Tuesday, May 22, 2012

John Malveaux: Famed Soprano Matilda Sissieretta Joyner 'was the first black performer to appear at Carnegie Hall, in 1892'

John Malveaux of www.MusicUNTOLD.com writes:

Matilda Sissieretta Joyner was born in Portsmouth, Virginia in either 1868 or 1869.  At the age of 14, she married David Richard Jones, a news dealer and hotel bellman.  At 18, she was accepted to the prestigious New England Conservatory of Music, in Boston. Her teacher in Boston was Flora Batson, one of the first black women in America to have an international career in classical music. 

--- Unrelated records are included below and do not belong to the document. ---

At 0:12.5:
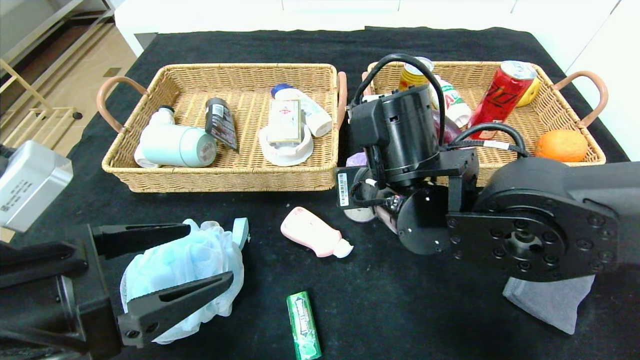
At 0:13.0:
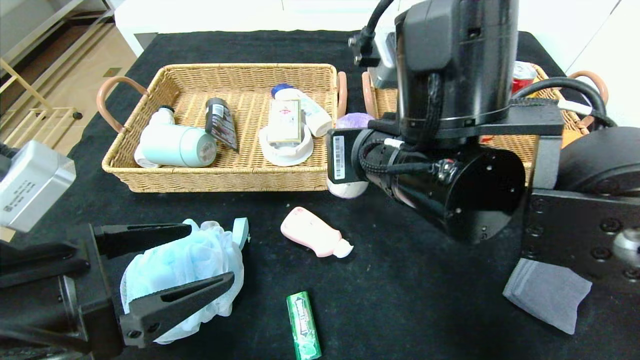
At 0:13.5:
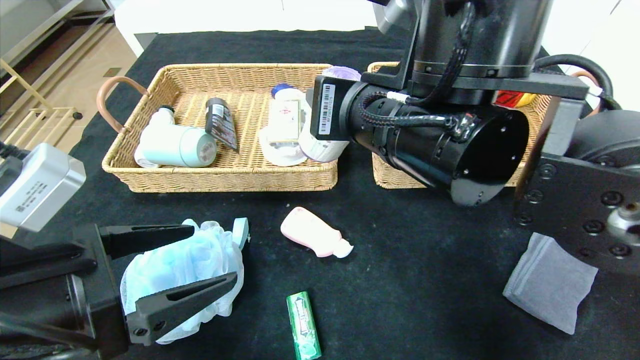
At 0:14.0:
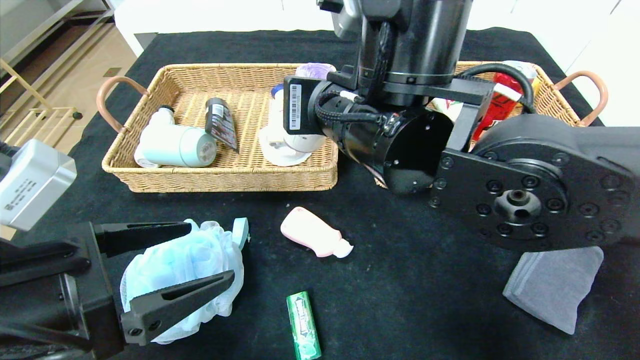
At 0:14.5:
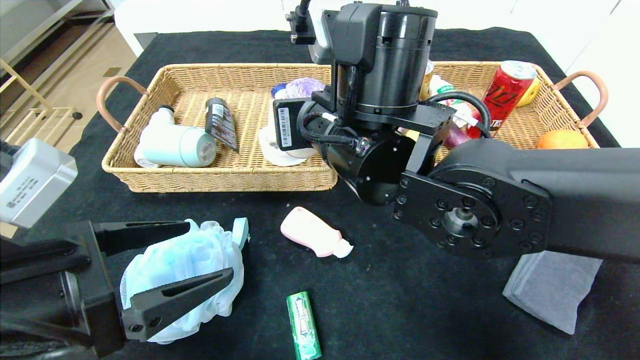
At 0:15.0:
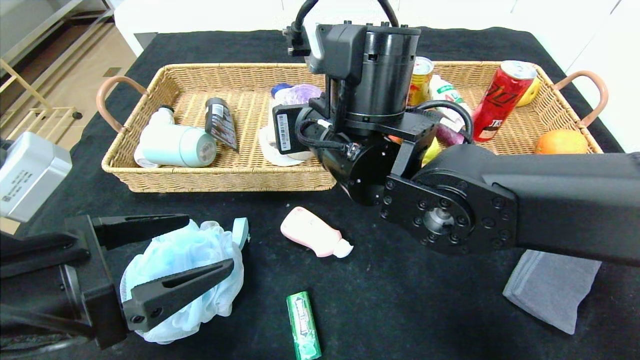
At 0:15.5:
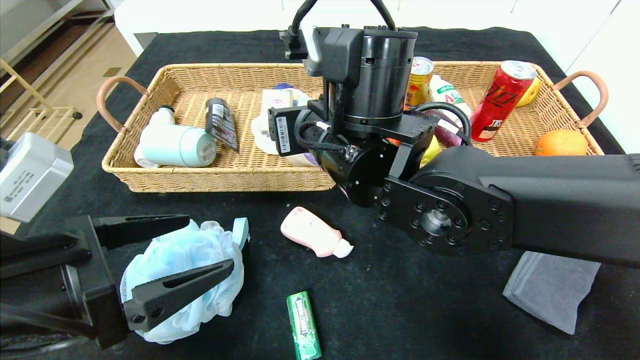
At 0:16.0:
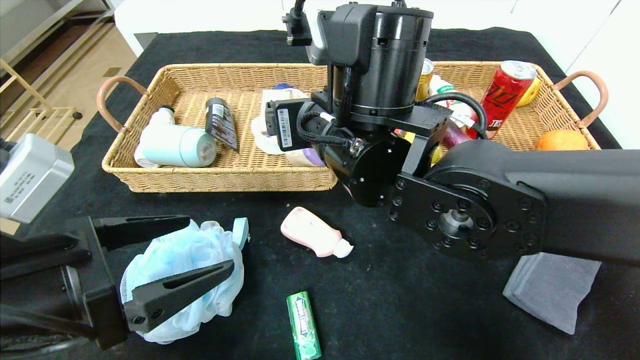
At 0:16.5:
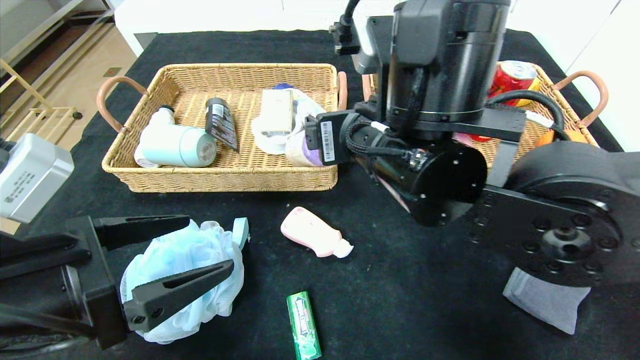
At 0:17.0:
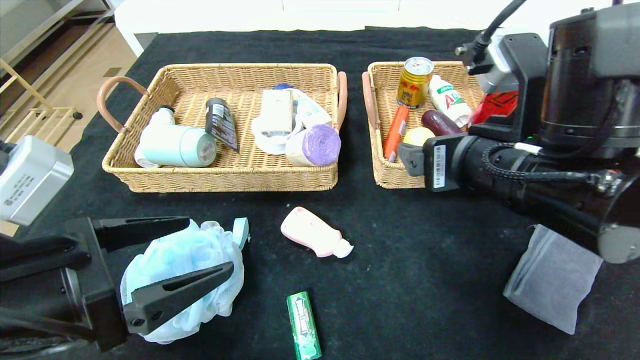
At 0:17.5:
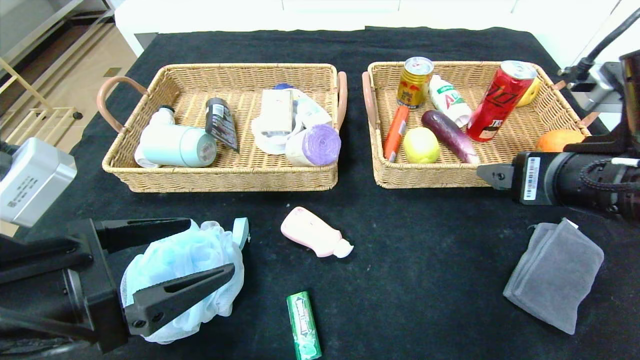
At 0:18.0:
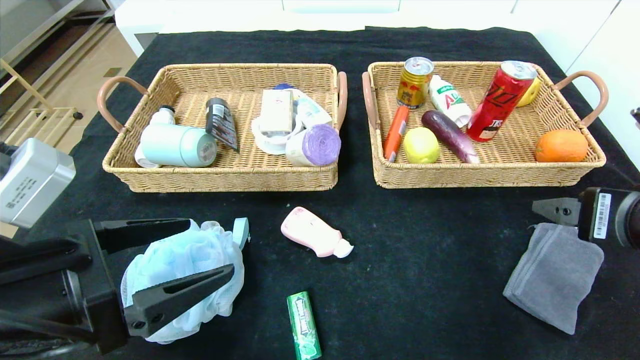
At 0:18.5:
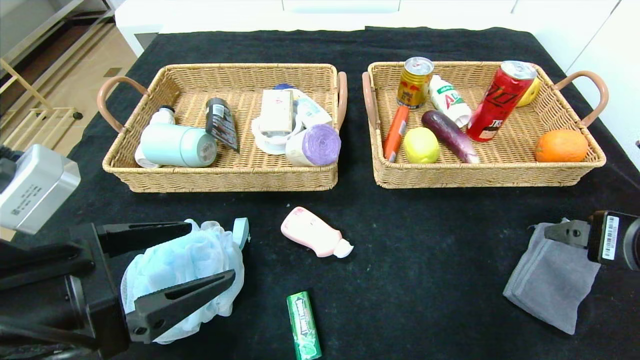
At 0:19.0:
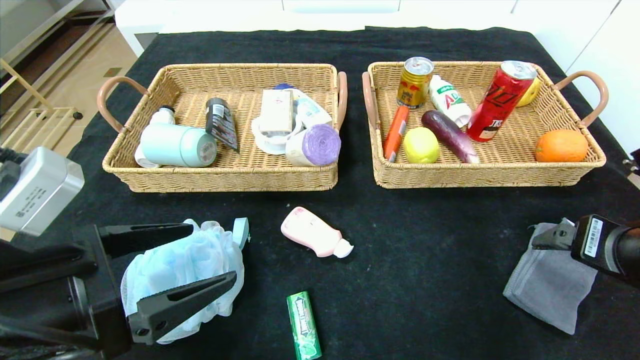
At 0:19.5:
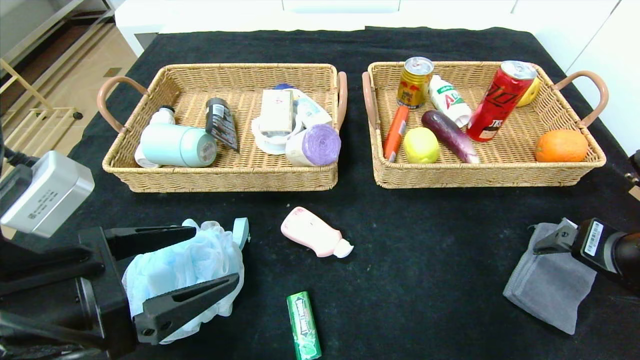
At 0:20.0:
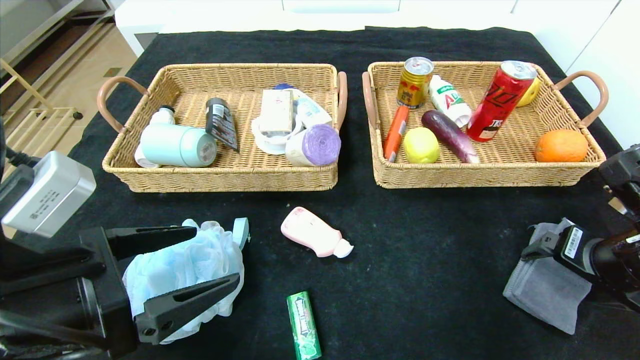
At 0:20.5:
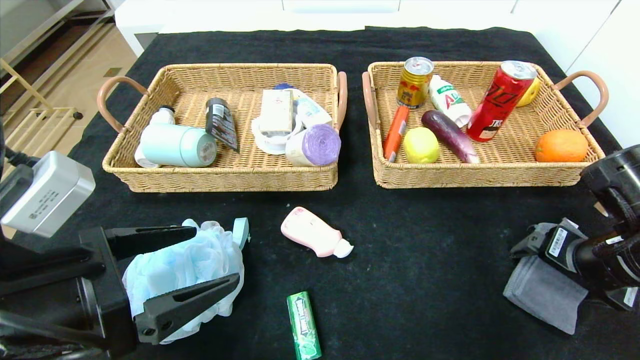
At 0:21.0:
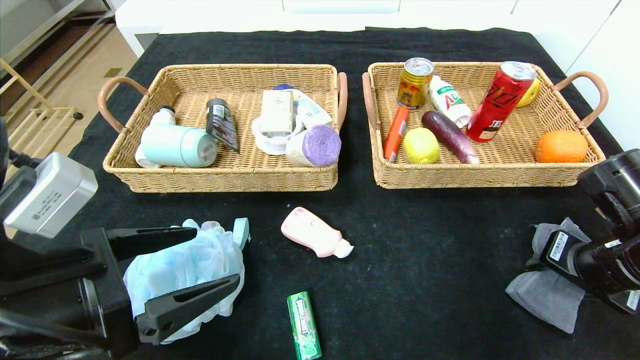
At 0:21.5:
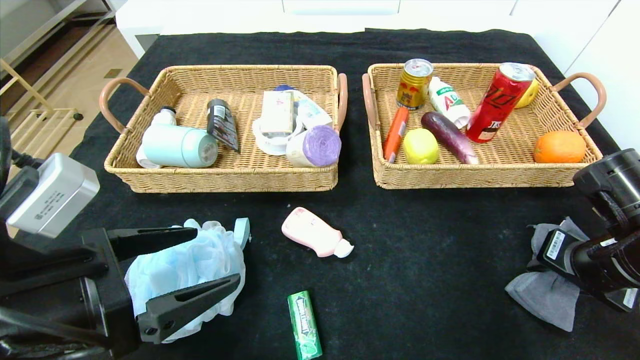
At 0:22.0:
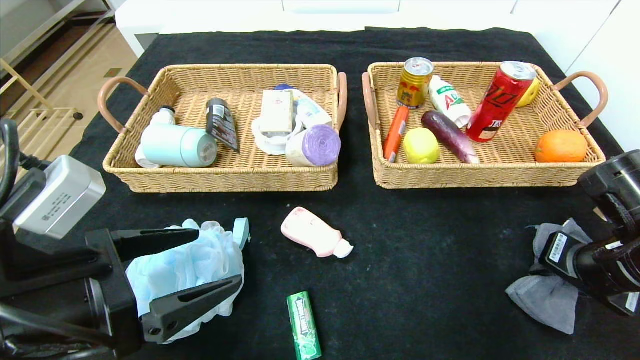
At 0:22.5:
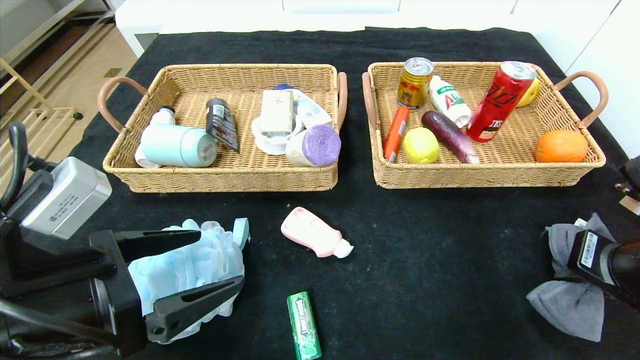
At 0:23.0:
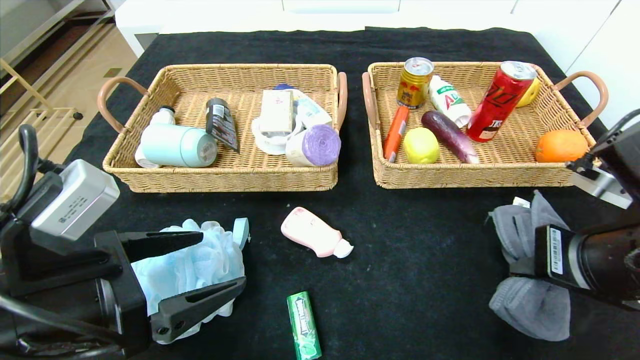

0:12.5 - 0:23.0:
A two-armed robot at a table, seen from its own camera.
0:12.5 - 0:14.5: The right gripper goes about 5 cm upward.
0:14.5 - 0:16.5: The right gripper opens up.
0:16.5 - 0:19.0: The right gripper moves to the right, approximately 25 cm.
0:19.0 - 0:21.0: The right gripper shifts by roughly 5 cm, and closes its fingers.
0:21.0 - 0:23.0: The right gripper is displaced to the left, upward and backward by approximately 10 cm, and closes up.

She performed at the White House for four different presidents: Harrison, Cleveland, McKinley, and Teddy Roosevelt. She also sang for Queen Victoria and the royal family in England, and the Kaiser in Germany. She was the first black performer to appear at Carnegie Hall, in 1892, and was a muse and inspiration for composer Antonín Dvořák. She sang at Covent Garden in London, and the Wintergarten in Berlin. 

In the United States, she was invited to perform at the Pittsburgh Exhibition, and the Chicago Worlds Exhibition, in 1893. In the 1890's, she was the highest paid African American performer in the world. At the height of her career, she sang for Queen Victoria, Pope Leo VIII, and Hawaiian Queen Liliuokalani.